According to a Washington Post article, the schools in Washington, D.C., where the majority of the students come from low-income areas, have been struggling to come up with plans for safe reopenings. These students have been disproportionately affected by the pandemic. Masks are just not going to get the job done. School-wide ventilation systems are being considered, but these systems need to be installed by engineering firms and are extremely expensive. School buildings are designed to keep fresh air out, thereby keeping heating costs low. These school buildings would have to be completely redesigned.

The perspective, then, is this: the rates of infection are too high, the testing is too sparse, and the results take too long to come back. Returning to schools in person will create new outbreaks, and the poor testing structure means these outbreaks will have a long time to spread before any decision is made to close the schools down again. And with high-ranking officials in the Trump administration preparing us for half a million deaths, that decision does not seem likely to come anytime soon. However, there needs to be a new shutdown that is combined with a real expansion of testing. Without this, it is impossible to make the schools safe. The situation, a real mess now, has the potential to turn into a complete disaster!

It is a real mess that needs to be straightened out right now, but to do this the teachers unions need to step up in a big way. The stakes for the whole labor movement are high, but the unions have shown recently that they can rise to the occasion. In leading this struggle, teachers’ unions could not only win support from the rest of the working class, but help lead the working class in a fight for a real defense of public health.

The Red for Ed movement and the nationwide teachers’ strikes of 2018 proved that teachers are ready to fight. And when the teachers did fight, they proved that they were an inspiration for the entire labor movement. We’ve seen that just the threat of a strike, as in Chicago, was enough to move the entire school system on-line.

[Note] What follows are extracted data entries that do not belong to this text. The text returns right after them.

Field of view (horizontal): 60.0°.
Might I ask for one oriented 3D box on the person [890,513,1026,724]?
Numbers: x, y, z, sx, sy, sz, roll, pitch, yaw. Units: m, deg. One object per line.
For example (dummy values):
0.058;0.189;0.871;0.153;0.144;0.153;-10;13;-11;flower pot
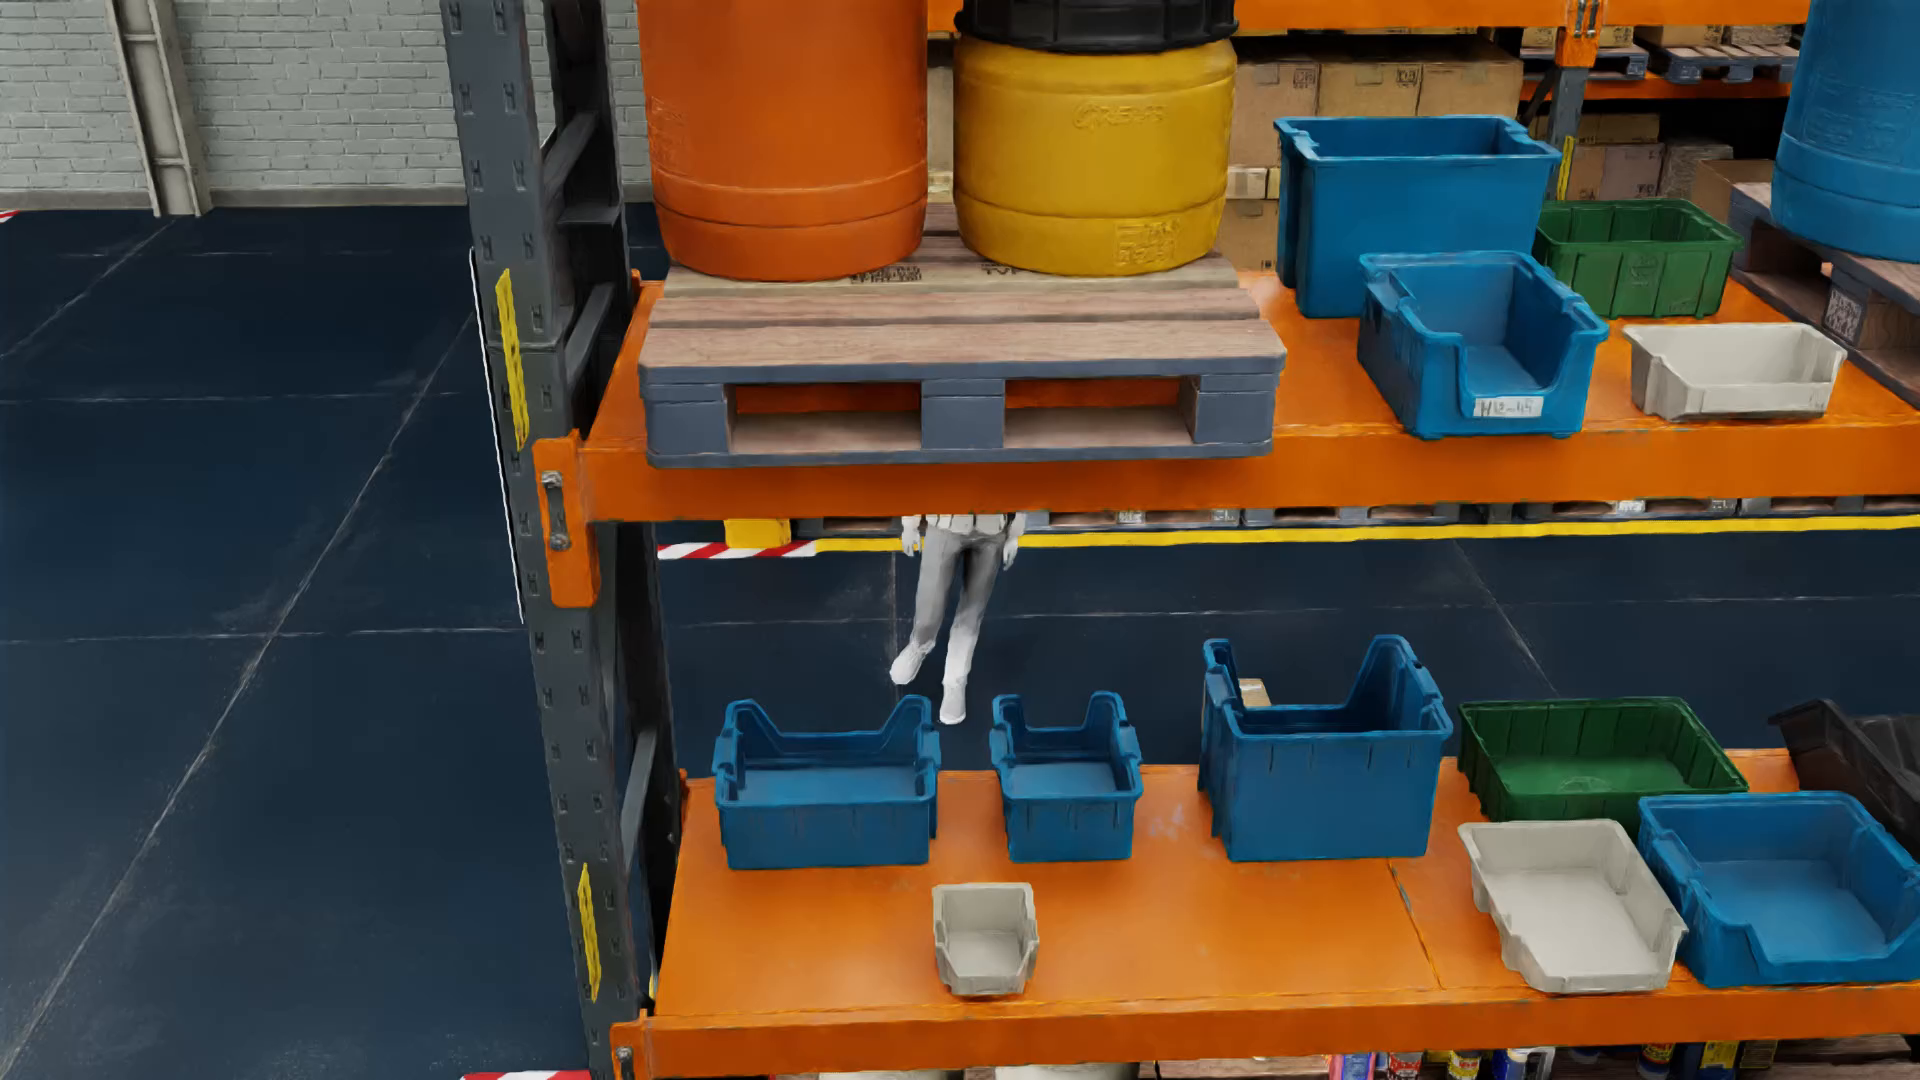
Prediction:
0.007;-0.023;7.146;0.607;1.665;0.424;-6;28;-11;person

While this is a step forward, the fact remains that the lack of physical classes hurts students from low-income families the most. Far too many of these students do not have access to the internet. The unions must demand access to laptops and enough community “hotspots” for all low-income students. The veiled threat of a nationwide work stoppage with no real planning or preparation would not be taken seriously by either the teachers or the school administrations. The job actions would need to be coordinated between all the education unions as well as the unions that include support and maintenance workers. Parents, and indeed the entire communities, need to be involved as well.

The demand must be: The schools must not reopen unless safety for all can be guaranteed! This is, after all, a matter of life and death. The stakes for the teacher, students, their families and, indeed, all of labor could not be higher.